The title story, "Sam the Cat," is about a guy who constantly attempts to find comfort in his life. He constantly dates women and enjoys sex in a vain attempt to settle into society.

At a bar, Sam's eyes follow a pair of legs from the ground up - along the calves, thighs, midsection, up the back, the neck, and finds himself convinced that this is what he is looking for. The head turns quickly and he is staring eye-to-eye with another man. This does not align with his world view, but he somehow finally feels comfortable.

This is the type of story Klam is going to tell. He deals with the emotions that people feel. He is bold and uncut and tells the whole truth. The truth is not that Sam is gay or straight, but that he is thinking, feeling and discovering.

In "There Should be a Name for It," Klam details a beautiful relationship of love and happiness that is interrupted by an unplanned pregnancy. Jack treats his wife Lynn disrespectfully and leaves her and her mother to deal with the pregnancy. The mother's only advice comes in a foreign language: aborto, that is, abortion.
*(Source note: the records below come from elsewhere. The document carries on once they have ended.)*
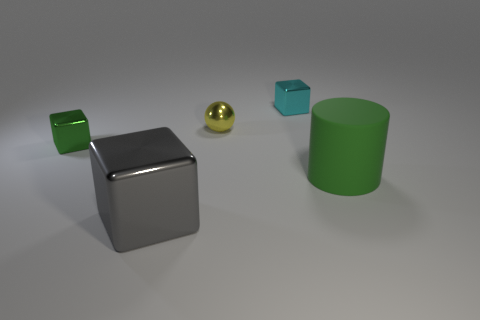Add 3 big cylinders. How many objects exist? 8 Subtract all balls. How many objects are left? 4 Add 3 cyan things. How many cyan things are left? 4 Add 3 tiny green shiny objects. How many tiny green shiny objects exist? 4 Subtract 0 gray spheres. How many objects are left? 5 Subtract all small blue matte cubes. Subtract all big gray things. How many objects are left? 4 
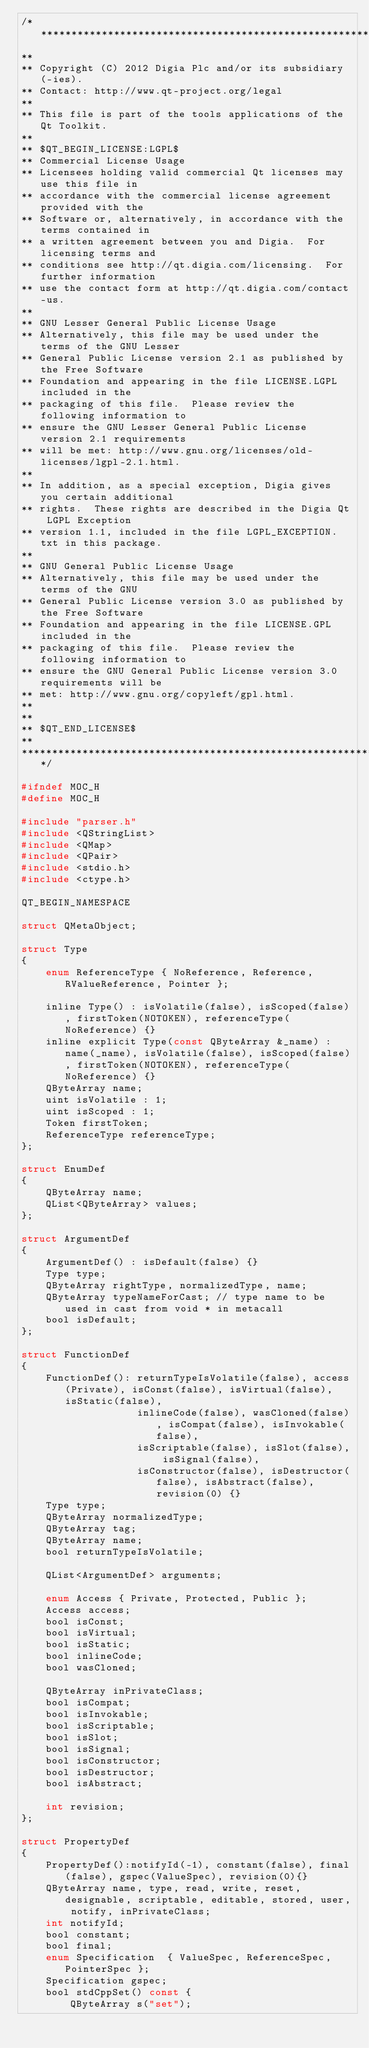Convert code to text. <code><loc_0><loc_0><loc_500><loc_500><_C_>/****************************************************************************
**
** Copyright (C) 2012 Digia Plc and/or its subsidiary(-ies).
** Contact: http://www.qt-project.org/legal
**
** This file is part of the tools applications of the Qt Toolkit.
**
** $QT_BEGIN_LICENSE:LGPL$
** Commercial License Usage
** Licensees holding valid commercial Qt licenses may use this file in
** accordance with the commercial license agreement provided with the
** Software or, alternatively, in accordance with the terms contained in
** a written agreement between you and Digia.  For licensing terms and
** conditions see http://qt.digia.com/licensing.  For further information
** use the contact form at http://qt.digia.com/contact-us.
**
** GNU Lesser General Public License Usage
** Alternatively, this file may be used under the terms of the GNU Lesser
** General Public License version 2.1 as published by the Free Software
** Foundation and appearing in the file LICENSE.LGPL included in the
** packaging of this file.  Please review the following information to
** ensure the GNU Lesser General Public License version 2.1 requirements
** will be met: http://www.gnu.org/licenses/old-licenses/lgpl-2.1.html.
**
** In addition, as a special exception, Digia gives you certain additional
** rights.  These rights are described in the Digia Qt LGPL Exception
** version 1.1, included in the file LGPL_EXCEPTION.txt in this package.
**
** GNU General Public License Usage
** Alternatively, this file may be used under the terms of the GNU
** General Public License version 3.0 as published by the Free Software
** Foundation and appearing in the file LICENSE.GPL included in the
** packaging of this file.  Please review the following information to
** ensure the GNU General Public License version 3.0 requirements will be
** met: http://www.gnu.org/copyleft/gpl.html.
**
**
** $QT_END_LICENSE$
**
****************************************************************************/

#ifndef MOC_H
#define MOC_H

#include "parser.h"
#include <QStringList>
#include <QMap>
#include <QPair>
#include <stdio.h>
#include <ctype.h>

QT_BEGIN_NAMESPACE

struct QMetaObject;

struct Type
{
    enum ReferenceType { NoReference, Reference, RValueReference, Pointer };

    inline Type() : isVolatile(false), isScoped(false), firstToken(NOTOKEN), referenceType(NoReference) {}
    inline explicit Type(const QByteArray &_name) : name(_name), isVolatile(false), isScoped(false), firstToken(NOTOKEN), referenceType(NoReference) {}
    QByteArray name;
    uint isVolatile : 1;
    uint isScoped : 1;
    Token firstToken;
    ReferenceType referenceType;
};

struct EnumDef
{
    QByteArray name;
    QList<QByteArray> values;
};

struct ArgumentDef
{
    ArgumentDef() : isDefault(false) {}
    Type type;
    QByteArray rightType, normalizedType, name;
    QByteArray typeNameForCast; // type name to be used in cast from void * in metacall
    bool isDefault;
};

struct FunctionDef
{
    FunctionDef(): returnTypeIsVolatile(false), access(Private), isConst(false), isVirtual(false), isStatic(false),
                   inlineCode(false), wasCloned(false), isCompat(false), isInvokable(false),
                   isScriptable(false), isSlot(false), isSignal(false),
                   isConstructor(false), isDestructor(false), isAbstract(false), revision(0) {}
    Type type;
    QByteArray normalizedType;
    QByteArray tag;
    QByteArray name;
    bool returnTypeIsVolatile;

    QList<ArgumentDef> arguments;

    enum Access { Private, Protected, Public };
    Access access;
    bool isConst;
    bool isVirtual;
    bool isStatic;
    bool inlineCode;
    bool wasCloned;

    QByteArray inPrivateClass;
    bool isCompat;
    bool isInvokable;
    bool isScriptable;
    bool isSlot;
    bool isSignal;
    bool isConstructor;
    bool isDestructor;
    bool isAbstract;

    int revision;
};

struct PropertyDef
{
    PropertyDef():notifyId(-1), constant(false), final(false), gspec(ValueSpec), revision(0){}
    QByteArray name, type, read, write, reset, designable, scriptable, editable, stored, user, notify, inPrivateClass;
    int notifyId;
    bool constant;
    bool final;
    enum Specification  { ValueSpec, ReferenceSpec, PointerSpec };
    Specification gspec;
    bool stdCppSet() const {
        QByteArray s("set");</code>

Jack's tragic abandonment, both emotionally and physically of Lynn is Klam's social commentary of the harsh reality women face.

Klam has a voice that is shamelessly honest. His article on romancing the drug ecstasy in the New York Times Magazine is a perfect example. He is relentless in his pursuit of accuracy. Although hard to accept, the quality is necessary to get attention.

Through his stories, Klam invents the reality of individualism - the notion that events happen differently to different people and that there are no standard rules for response or reaction. From the outside looking in, perhaps that is the notion readers have the most trouble dealing with.